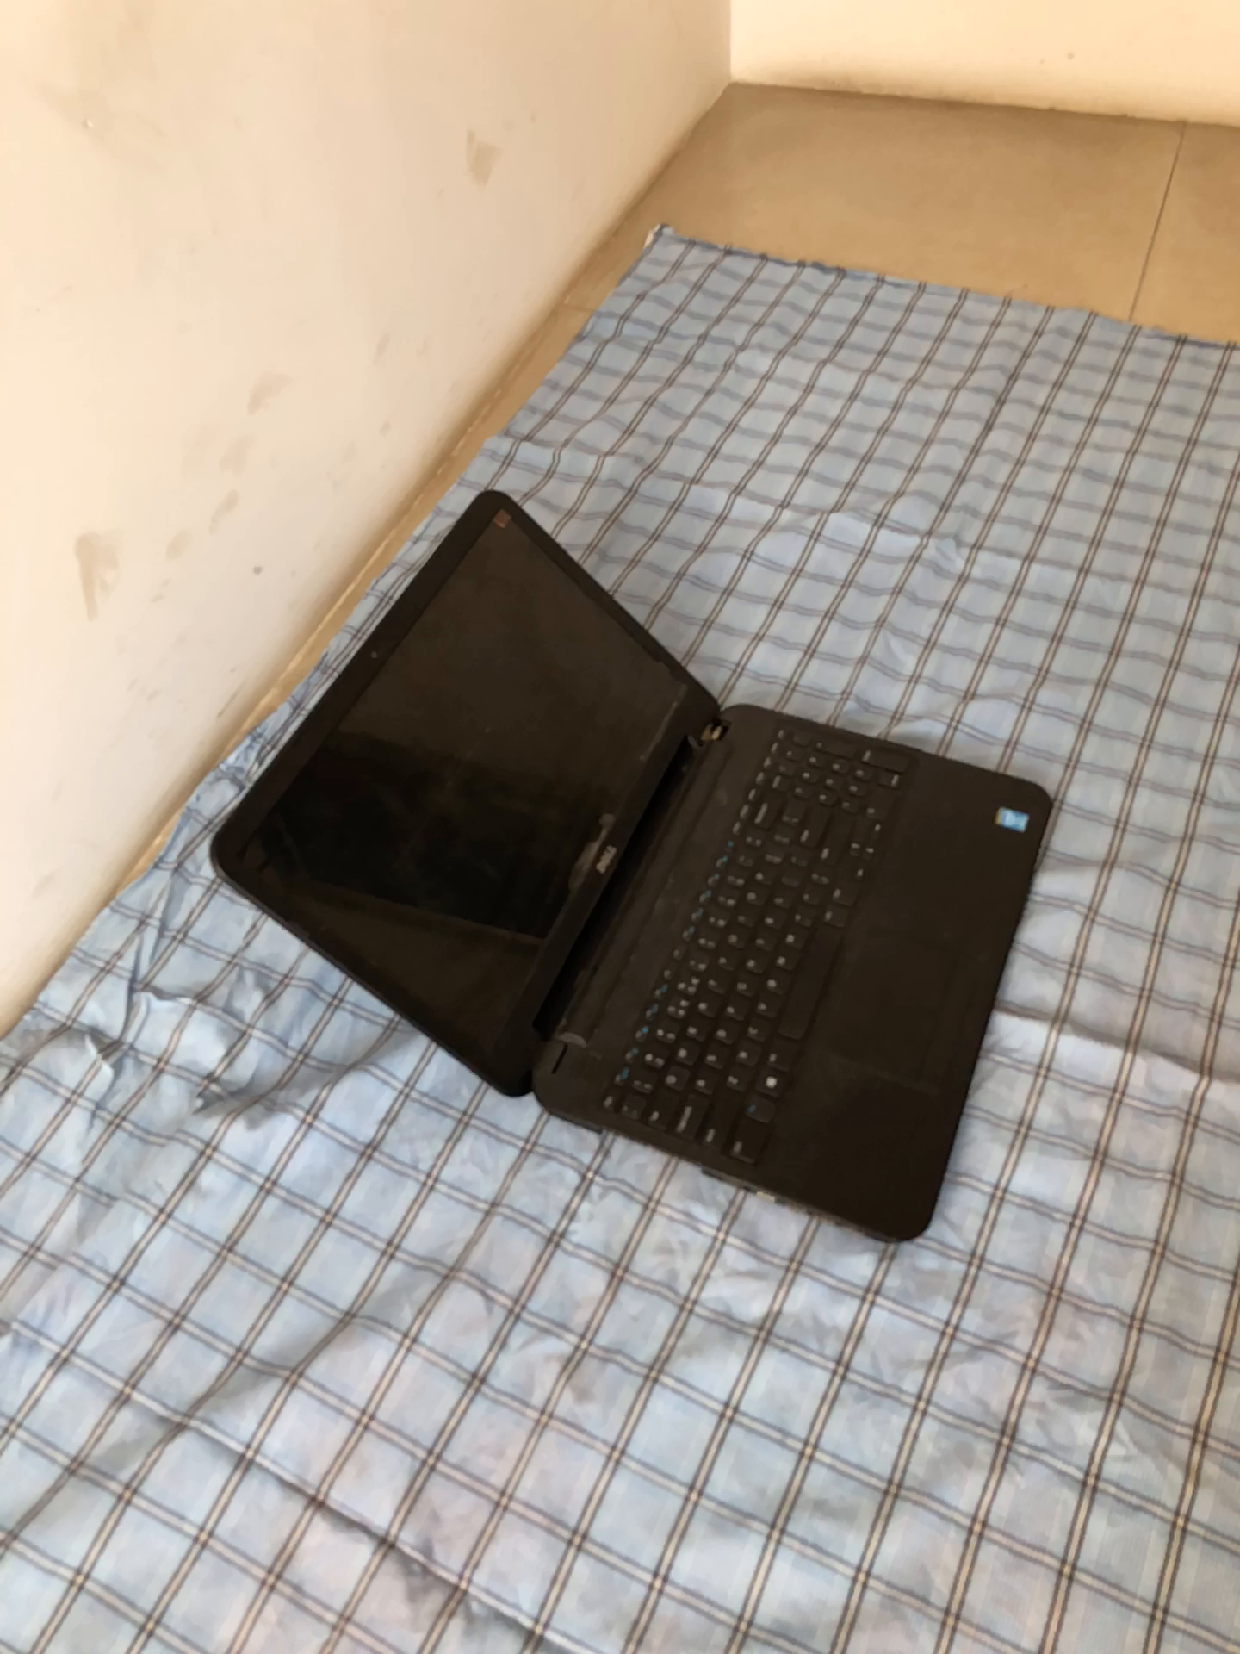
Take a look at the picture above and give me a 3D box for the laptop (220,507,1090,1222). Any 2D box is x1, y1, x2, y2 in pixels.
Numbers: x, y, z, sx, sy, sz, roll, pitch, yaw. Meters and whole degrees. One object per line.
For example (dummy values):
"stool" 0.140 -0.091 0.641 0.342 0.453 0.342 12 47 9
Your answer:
"laptop" 0.039 -0.004 0.869 0.413 0.163 0.357 15 52 18

==*==

Nothing but the lines from the one containing "For example (dummy" through the end of the entries belongs in the answer; repeat them exactly.

For example (dummy values):
"stool" 0.140 -0.091 0.641 0.342 0.453 0.342 12 47 9
Your answer:
"laptop" 0.039 -0.004 0.869 0.413 0.163 0.357 15 52 18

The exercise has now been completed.